Before women started remaining in the work force in large numbers after World War Two (which most of you are way too young to remember, obviously, but I'm a baby boomer so bear with me) sex and child-bearing was the price we paid for having a man provide us with a home and financial security (or at least the fiction of it). Men's self-esteem was tied up in how good their job was and how well they provided for their families; women's in how nice their homes were and what a great "catch" their husband was and all that drivel.

A lot of us have spent a great deal of time (too much time) believing that our self-worth was tied up in the man in our lives. Sex was the price to be paid for having a man "invest" his time and money in the courtship rituals which would under the old rules ultimately led to marriage (especially if a pregnancy happened).
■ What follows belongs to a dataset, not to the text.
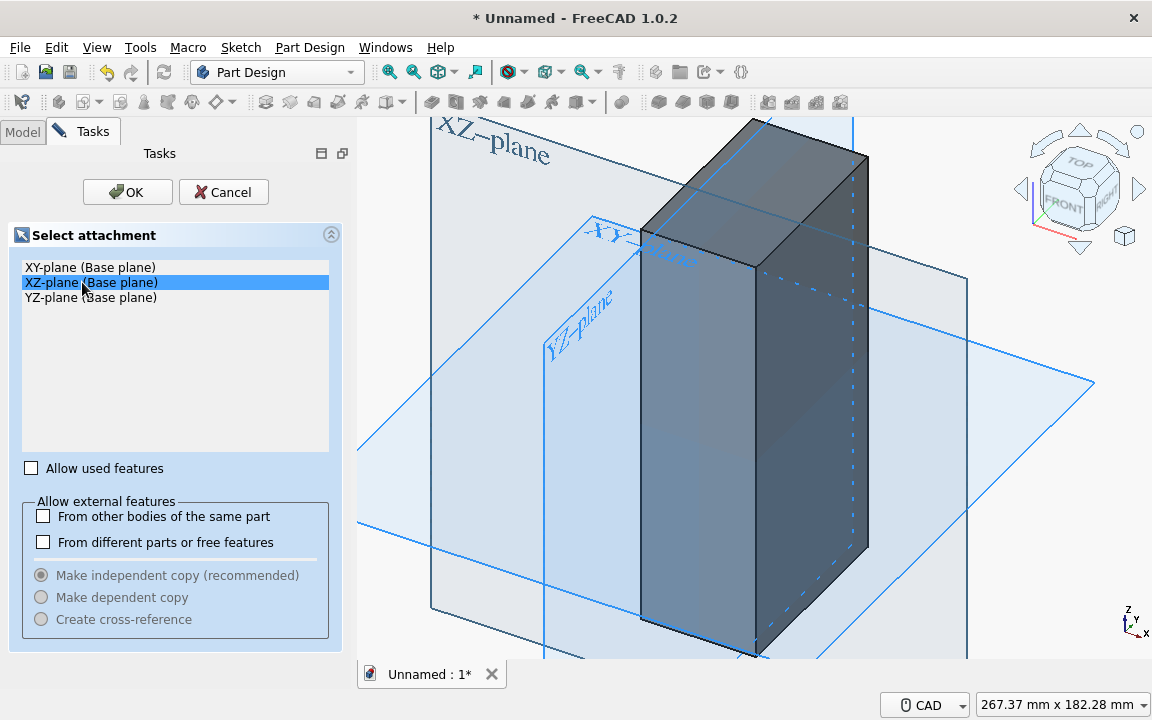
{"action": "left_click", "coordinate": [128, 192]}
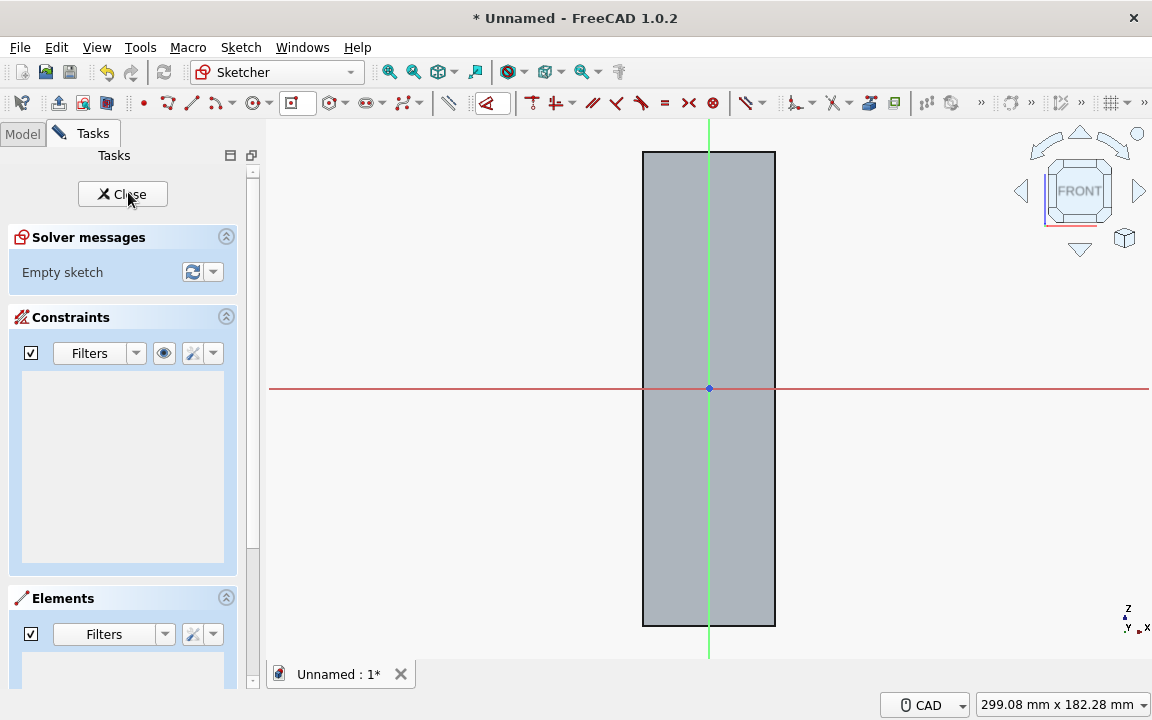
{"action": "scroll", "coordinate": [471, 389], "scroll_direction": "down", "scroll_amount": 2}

In this day and age, a woman is perfectly capable of earning her own salary and buying her own home (although she will make less than a man and all of that). We no longer NEED to give you sex in exchange for the illusion of emotional and financial security. The sad truth is that a lot of times you DO stop respecting us when we give you what you ask for. Women who are sexually confident and assertive can be really scary to many of you. How many of you guys have been part of an exchange in a bar or whatever where if a woman said yes she was a slut and if she said no she was a lesbian?


To address the original question; we don't necessarily find it weird to do it on the first date, but many many years ago the magazine Cosmo printed an article telling women to wait until at least the third date before jumping into bed. That's where the third date rule comes from boys and girls - Cosmo magazine. Thank you Helen Gurly Brown (sp?).

To support a number of contributors to this thread - even in the 30 years since I left high school some things have not changed. A girl who has multiple partners is a slut; a guy who has multiple partners is a STUD. The double standard is still going very, VERY strong. It doesn't help that Bill Clinton (and please don't get me wrong he has my utmost respect for his humanitarian efforts BUT) taught an entire generation of young people that fellatio is NOT a sex act. Consequently I just read today that while new cases of Herpes Simplex II are on the decline Herpes Simplex I is being diagnosed more frequently.

Which leads us to a very good reason not to have sex on the first date. It's too easy to get caught up in the moment and not learn everything you need to know about your partner's sexual health. For the record (just call me Dr. Diva) a condom will not always protect you from Herpes since it is transmitted by skin to skin contact HOWEVER the drug company selling Valtrex is lying through their teeth about the stats regarding catching it when no symptoms are present. I don't want to be nailed for hijacking this thread - anybody who wants to know more about this can contact me privately at my profile, okay? I've read tons and been dealing with this for a very, VERY long time.

So, boys and girls, if you want to ride bareback then everybody should get tested for everything (20% of adults in North America have genital herpes - do the math - that's one in five of your partners past present and future Mr. casual anonymous sex!) and ladies if you do have herpes the female condom offers more protection to your partner than the regular one, although because they have skin where we have mucous membranes it is much harder for us to give it away than to catch it.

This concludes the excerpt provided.